Leia nodded. "Anje, Lista, go with Captain Solo and General
Lewons. When our force moves, though, stay here and keep an eye
on Kantwel." The two women nodded as one and headed down the hall
after Lewons. As Han started toward the main exit, he glanced
back at her. "Where are you going?"
She smiled tightly. "I'm getting in touch with Luke. He's
got to know what's happening back here." She paused. "Go on -
I'll be fine."
Han grinned. "Sure. Then what?"
"Then I'll join you in the garrison command center. I'll be
there by the time our forces are ready to leave."
"Should you? I mean, leave Kantwel here by himself, with
only those two to watch him?" He tilted his head in the direction
Leia's aides had gone.
Leia nodded grimly. "I think he needs the time to reflect.
Get going - I'll be there shortly."
"Right." He went on down the hallway toward the main exit,
as Leia took the main lift up to the roof.
The breeze felt warm on her face as she stepped out onto the
rooftop terrace, a railed platform generally used for observation
purposes, but abandoned since the entire garrison had taken off
westward. Leia searched in that direction, seeing the lights of
the city peter out until there was only a string of them, snaking
away across the landscape. She saw where they began to wind back
and forth; the garrison road, ascending into the mountains.

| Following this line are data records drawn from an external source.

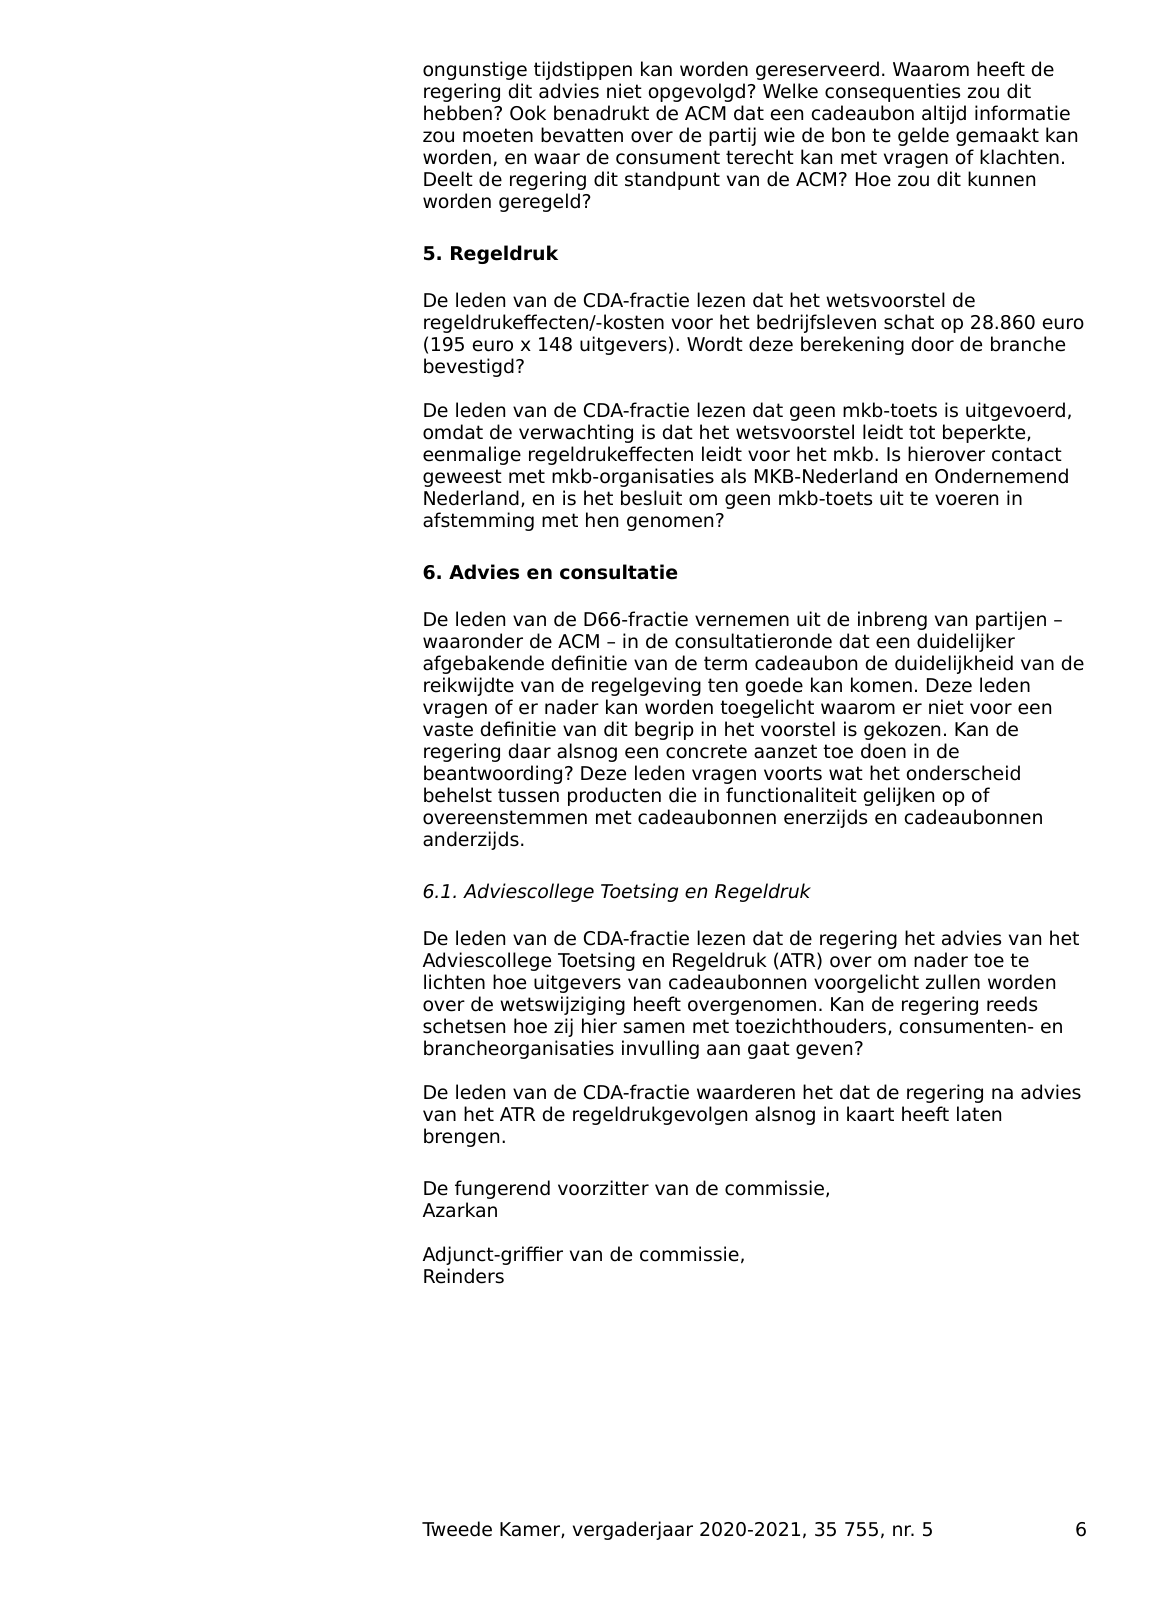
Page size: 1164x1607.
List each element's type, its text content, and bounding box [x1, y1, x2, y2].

text De fungerend voorzitter van de commissie, Azarkan [422, 1178, 1087, 1222]
subtitle 5. Regeldruk [422, 243, 1087, 265]
text De leden van de CDA-fractie lezen dat geen mkb-toets is uitgevoerd, omdat de verwachting is dat het wetsvoorstel leidt tot beperkte, eenmalige regeldrukeffecten leidt voor het mkb. Is hierover contact geweest met mkb-organisaties als MKB-Nederland en Ondernemend Nederland, en is het besluit om geen mkb-toets uit te voeren in afstemming met hen genomen? [422, 400, 1087, 532]
text De leden van de CDA-fractie waarderen het dat de regering na advies van het ATR de regeldrukgevolgen alsnog in kaart heeft laten brengen. [422, 1082, 1087, 1148]
subtitle 6.1. Adviescollege Toetsing en Regeldruk [422, 881, 1087, 903]
text Adjunct-griffier van de commissie, Reinders [422, 1244, 1087, 1288]
text ongunstige tijdstippen kan worden gereserveerd. Waarom heeft de regering dit advies niet opgevolgd? Welke consequenties zou dit hebben? Ook benadrukt de ACM dat een cadeaubon altijd informatie zou moeten bevatten over de partij wie de bon te gelde gemaakt kan worden, en waar de consument terecht kan met vragen of klachten. Deelt de regering dit standpunt van de ACM? Hoe zou dit kunnen worden geregeld? [422, 59, 1087, 213]
text De leden van de CDA-fractie lezen dat de regering het advies van het Adviescollege Toetsing en Regeldruk (ATR) over om nader toe te lichten hoe uitgevers van cadeaubonnen voorgelicht zullen worden over de wetswijziging heeft overgenomen. Kan de regering reeds schetsen hoe zij hier samen met toezichthouders, consumenten- en brancheorganisaties invulling aan gaat geven? [422, 928, 1087, 1059]
text De leden van de D66-fractie vernemen uit de inbreng van partijen – waaronder de ACM – in de consultatieronde dat een duidelijker afgebakende definitie van de term cadeaubon de duidelijkheid van de reikwijdte van de regelgeving ten goede kan komen. Deze leden vragen of er nader kan worden toegelicht waarom er niet voor een vaste definitie van dit begrip in het voorstel is gekozen. Kan de regering daar alsnog een concrete aanzet toe doen in de beantwoording? Deze leden vragen voorts wat het onderscheid behelst tussen producten die in functionaliteit gelijken op of overeenstemmen met cadeaubonnen enerzijds en cadeaubonnen anderzijds. [422, 609, 1087, 851]
text De leden van de CDA-fractie lezen dat het wetsvoorstel de regeldrukeffecten/-kosten voor het bedrijfsleven schat op 28.860 euro (195 euro x 148 uitgevers). Wordt deze berekening door de branche bevestigd? [422, 290, 1087, 378]
subtitle 6. Advies en consultatie [422, 562, 1087, 584]
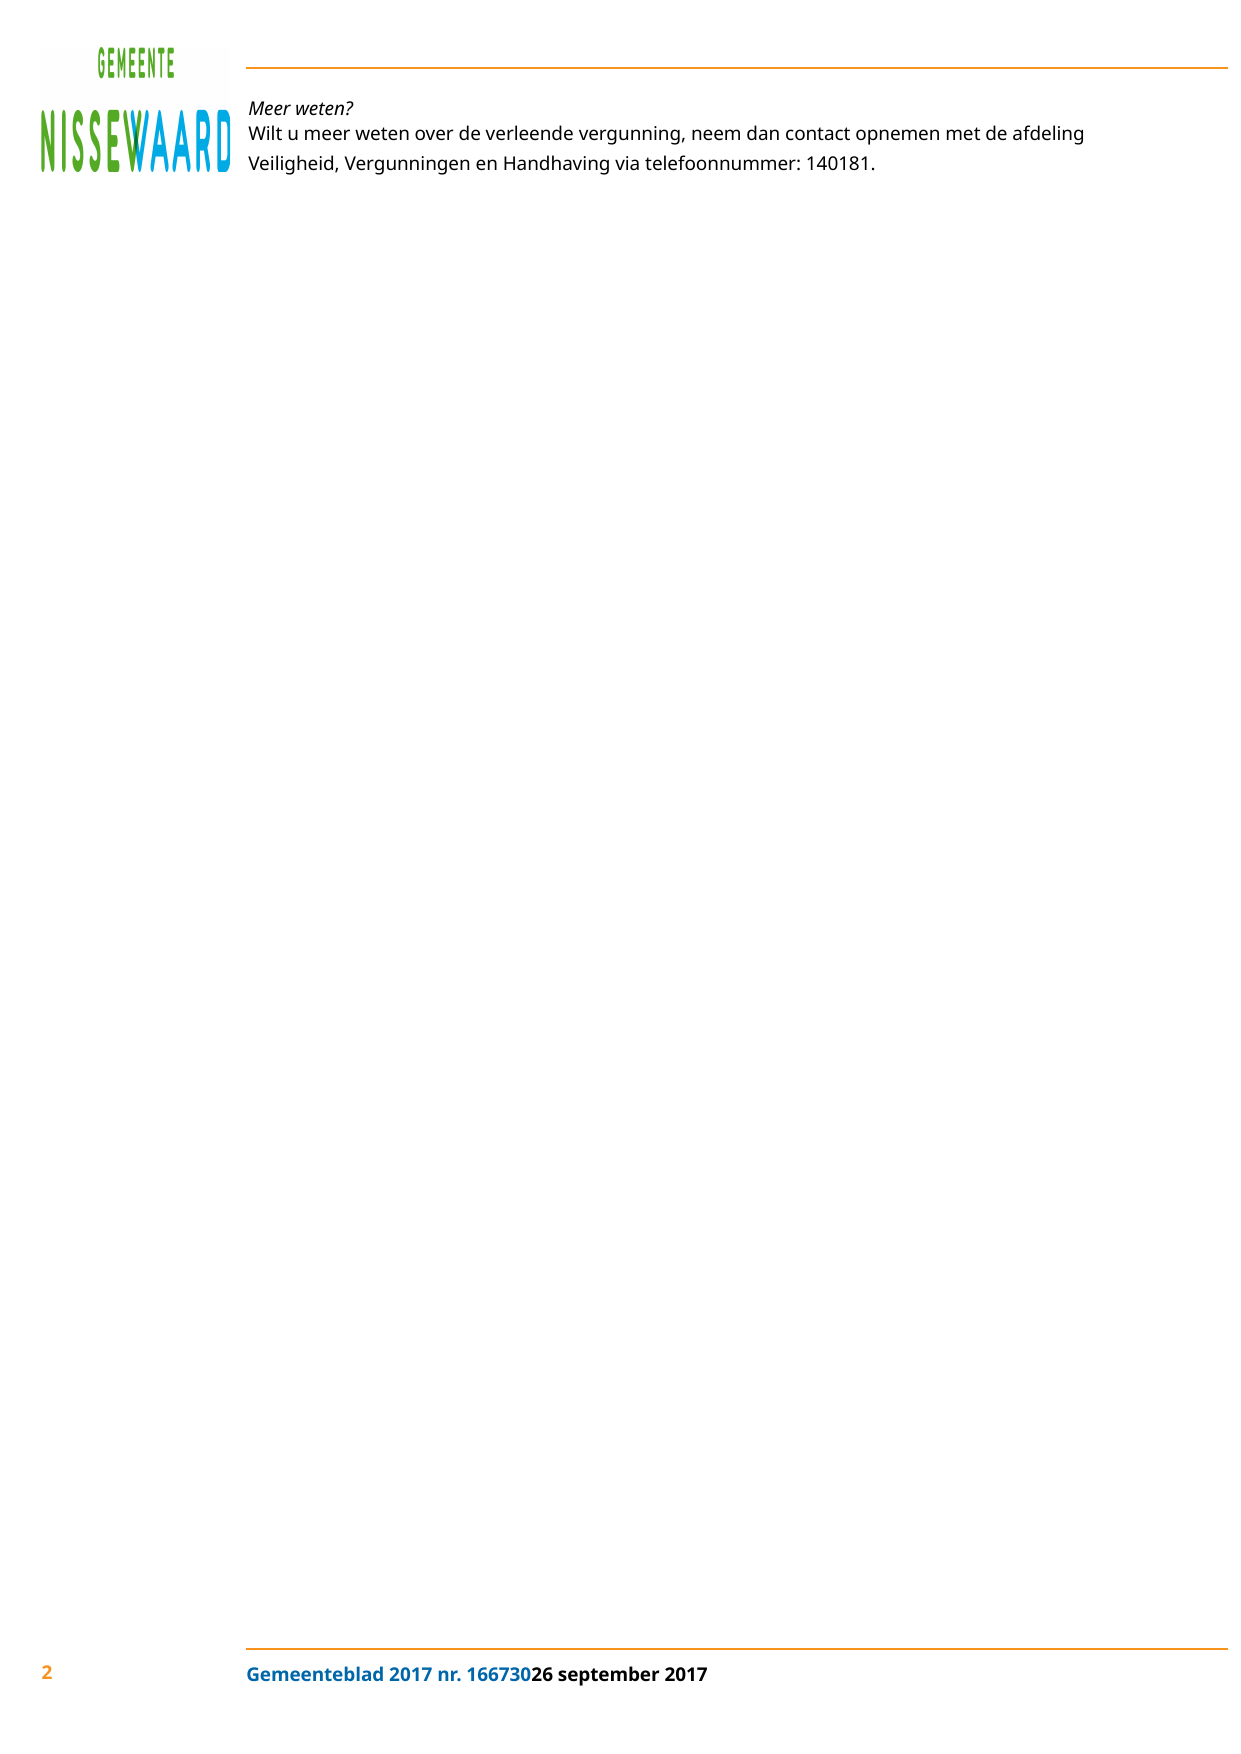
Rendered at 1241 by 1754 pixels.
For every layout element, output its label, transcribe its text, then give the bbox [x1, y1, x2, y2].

text Wilt u meer weten over de verleende vergunning, neem dan contact opnemen met de afdeling Veiligheid, Vergunningen en Handhaving via telefoonnummer: 140181. [248, 121, 1152, 176]
picture [222, 122, 227, 160]
text Meer weten? [248, 95, 1152, 121]
picture [200, 151, 206, 172]
picture [154, 157, 165, 172]
picture [41, 47, 231, 172]
picture [176, 157, 187, 172]
picture [201, 122, 206, 138]
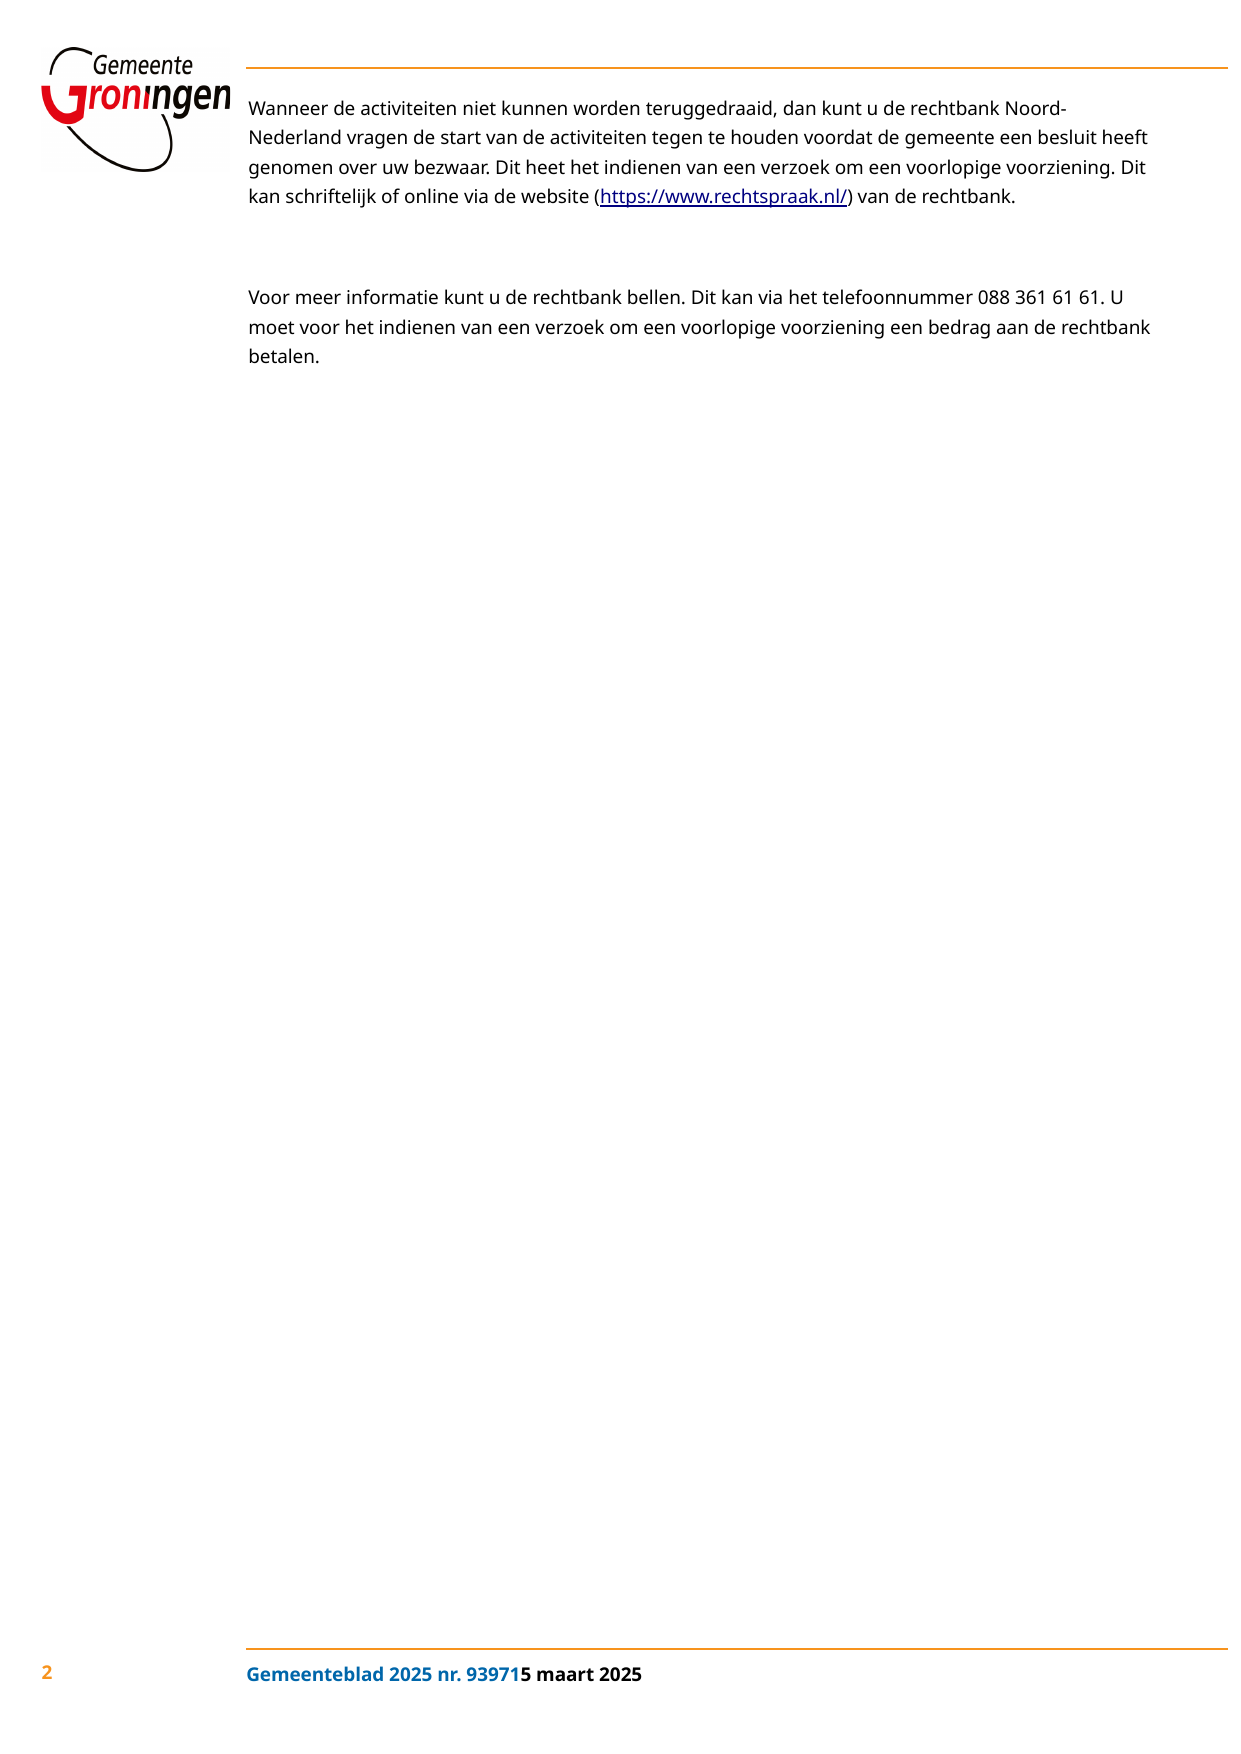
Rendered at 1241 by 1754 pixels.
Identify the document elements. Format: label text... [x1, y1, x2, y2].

text Voor meer informatie kunt u de rechtbank bellen. Dit kan via het telefoonnummer 088 361 61 61. U moet voor het indienen van een verzoek om een voorlopige voorziening een bedrag aan de rechtbank betalen. [248, 284, 1152, 369]
picture [41, 47, 231, 172]
text Wanneer de activiteiten niet kunnen worden teruggedraaid, dan kunt u de rechtbank Noord-Nederland vragen de start van de activiteiten tegen te houden voordat de gemeente een besluit heeft genomen over uw bezwaar. Dit heet het indienen van een verzoek om een voorlopige voorziening. Dit kan schriftelijk of online via de website (https://www.rechtspraak.nl/) van de rechtbank. [248, 95, 1152, 209]

There was little else for the naked eye to see in the
darkness, but to a Jedi the absence of light was no issue. We
carry our own, Leia thought; Luke had said that to her once,
during training. The memory pleased her, and from it she
stretched out, searching across that darkened vista for her
brother.
Luke...
Quicker than thought came a returning touch, gentle but
somehow strained. Leia?
The Republic forces are moving, Luke. Han and I will be with
them.
For a moment there was no response, although she still felt
the touch there, a presence that brushed her awareness, seeming
to struggle to keep up the contact. Luke, are you all right?
She felt the presence grow stronger, so that she was more
aware of it than of her surroundings, of the rooftop on which she
stood with the wind of late spring whispering against her face.
I'm all right. But K'Tarah's in trouble...I've got to stop her.
Leia, don't come into the garrison, and don't let anyone else in
either.
The contact broke abruptly, leaving Leia feeling cold and
very, very small. The distance seemed suddenly very great as she
looked out into the expanse of darkness into which her brother
and K'Tarah had vanished.

It was barely dawn when K'Tarah awoke, cramped and out of
sorts. Even late spring meant chilly nights on Trask, so that
K'Tarah's limbs responded sluggishly as she unfolded herself,
stretched, and shook Andra awake.
"What time is it?" the girl asked grumpily, rubbing a hand
across that thin, pale face. K'Tarah chuckled, looking westward,
up into the mountains. "No matter, my child," she replied. "We
haven't far to go."
Andra stood and stretched in her turn, likewise looking
westward. A small smile touched her lips, but K'Tarah, eyes and
thoughts elsewhere, did not notice.
My child, she thought, disliking the phrase. It sounded
proprietary. Her voice, for a moment, had not been her own, and
the feeling that came with it was not pleasant. She wondered
again, fleetingly, whether they should turn back, then squared
her shoulders firmly westward.
The mountain outpost was guarded, to be sure, but to one
with whom the Force was allied, Imperial guards were easily
avoided. That the entire Traskan garrison had taken up positions
about the fortress and surrounding slopes did not trouble K'Tarah
overmuch; she simply went where they were not, a shadow slipping
easily through the untracked forest, Andra a smaller shadow
behind her.
There were trails, but those were guarded, and avoiding
those guards was as much a matter of practicality as of instinct.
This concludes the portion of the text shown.